GreenRoots Report Outlines Root Causes of COVID-19 Severity in Chelsea

 A new report released by the Chelsea environmental health and justice nonprofit GreenRoots last week outlines how systemic racism, immigration policy, health status, air quality, food security are associated with the likelihood of being infected with Covid-19 and drive the spread of the disease.

During a press conference at City Hall last week, GreenRoots was joined by community leaders, residents, and city officials advocating for policy change and the investment of federal funds to address the social determinants of health.

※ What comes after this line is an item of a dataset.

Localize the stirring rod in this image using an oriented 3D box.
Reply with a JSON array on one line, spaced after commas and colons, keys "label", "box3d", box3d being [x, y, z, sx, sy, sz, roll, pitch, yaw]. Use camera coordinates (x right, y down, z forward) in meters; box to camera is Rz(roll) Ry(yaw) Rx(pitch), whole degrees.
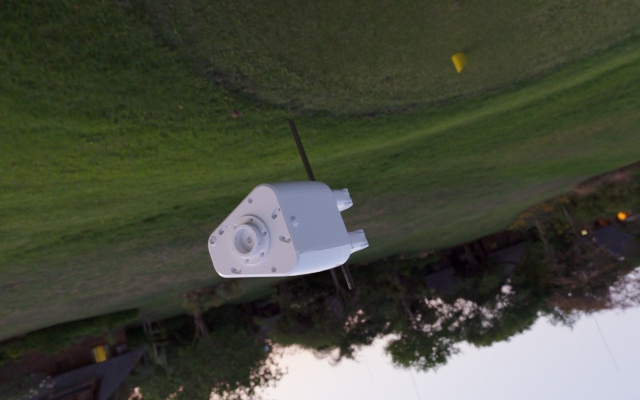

“As an organization centered in one of the most disproportionately impacted communities in the state and in the nation, it came us no surprise to us that Covid-19 would wreak havoc on our fellow residents, our friends, our families, and our neighbors,” said said Roseann Bongiovanni, Executive Director at GreenRoots.

Bogiovanni said the report synthesizes research on the compounded impacts which made Chelsea residents at risk to COVID-19, and provides proof that lawmakers and stakeholders in Chelsea and nationwide, must prioritize people over profit, especially Black, Brown, Immigrant and Indigenous communities who are disproportionately burdened with environmental hazards and harmful policies and practices.

“Our team has spent the last year reviewing research, synthesizing information, and writing this report in a way that is not only accessible, but provides a deep dive into the inequities of Chelsea’s social determinants of health, which ultimately influence our city’s vulnerability to Covid-19,” said Priyanka Rangadass, one of the report’s co-authors and GreenRoot’s health equity core research organizer.

In addition to collaborating with community leaders to get an accurate picture of the social and health determinants, Rangadass said there were interviews with residents to get their stories and to make the report about more than just statistics.

“This report tells the story of Chelsea, and why we were one of the first cities to be hit worst by the pandemic,” said Rangadass. 

Like many other hard hit communities during the pandemic, Chelsea is a low-income community that is home to a large population of people of color, Randagass stated.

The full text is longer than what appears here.